Back to Cockroach

SQL Statistics

docs/tech-notes/observability/sql_stats.md

26.1.317.8 KB
Original Source

SQL Statistics

Last Update: February 2024

Original author: maryliag

This document provides an overview of the collection of SQL Statistics, where they're stored and how they're used on the Console UI.

Table of contents:

Overview

The SQL statistics feature provides observability into statements and transactions execution, which aims to help operators debug specific statements and transactions that can cause degraded cluster performance. The statistics can be accesses in many ways, the main one being the SQL Activity page on Console UI. The following sections will detail how this data is generated, stored, cleanup and accessed.

Data Generation and Storage

When a statement is executed, different levels of information are collected at different steps. When the statement is completed, the full data is populated into a single object to be recorded. Initially this statement is recorded in-memory only (crdb_internal.cluster_statement_statistics). A flush job is scheduled to run on a frequency defined by sql.stats.flush.interval (default 10 minutes) and it will persist the in-memory data to a system table (system.statement_statistics).

After the flush job is completed, another job is called to populate the top activity table (system.statement_activity). On this job we pre-compute the data against a few criteria (% of All Runtime, Contention, Execution Count, P99 Latency, SQL CPU Time and Statement Time) for faster access. We also aggregated when possible, for example, aggregate all executions of the same fingerprint on the same hour that had a different gateway node.

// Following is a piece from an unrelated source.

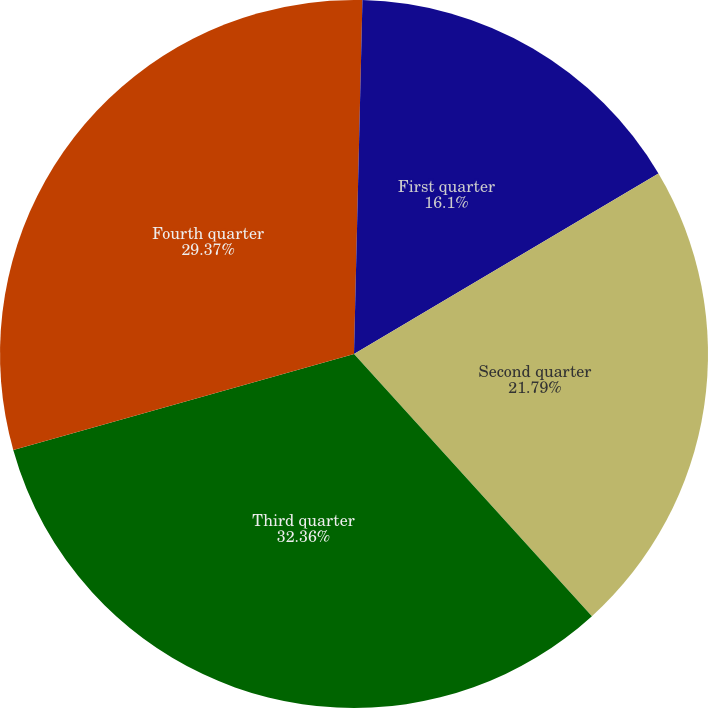Convert chart. <chart><loc_0><loc_0><loc_500><loc_500><pie_chart><fcel>Peak borrowings<fcel>First quarter<fcel>Second quarter<fcel>Third quarter<fcel>Fourth quarter<nl><fcel>0.38%<fcel>16.1%<fcel>21.79%<fcel>32.36%<fcel>29.37%<nl></chart> 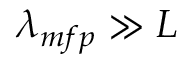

The same principles apply to transaction statistics, also powered by the SQL Stats subsystem. For transactions, replace all the statement for transaction in the tables and view names.

mermaid
flowchart TD
    exec[Statement executed]
    memory[[crdb_internal.\ncluster_statement_statistics]]
    persisted[(system.\nstatement_statistics)]
    combined[[crdb_internal.\nstatement_statistics]]
    activity[(system.\nstatement_activity)]
    persisted_view[[crdb_internal.\nstatement_statistics_persisted]]
    activity_view[[crdb_internal.\nstatement_activity]]
    console(["Console"])
    exec --> memory
    memory --> |flushed| persisted
    memory --> combined
    persisted --> combined
    persisted --> |update job|activity
    persisted --> persisted_view
    activity --> activity_view
    persisted_view --> console
    activity_view --> console

Node-global size limits are placed on the group of structures storing the in-memory data, based on memory usage and unique fingerprint count. The sql.metrics.max_mem_stmt_fingerprints (default 100k) and sql.metrics.max_mem_txn_fingerprints (default 100k) determine the max number of unique in-memory fingerprints allowed for statements and transactions, respectively. Reaching this size limit can trigger more frequent flushes, but such a flush would be aborted if an amount of time defined by sql.stats.flush.minimum_interval has yet to pass since the previous flush.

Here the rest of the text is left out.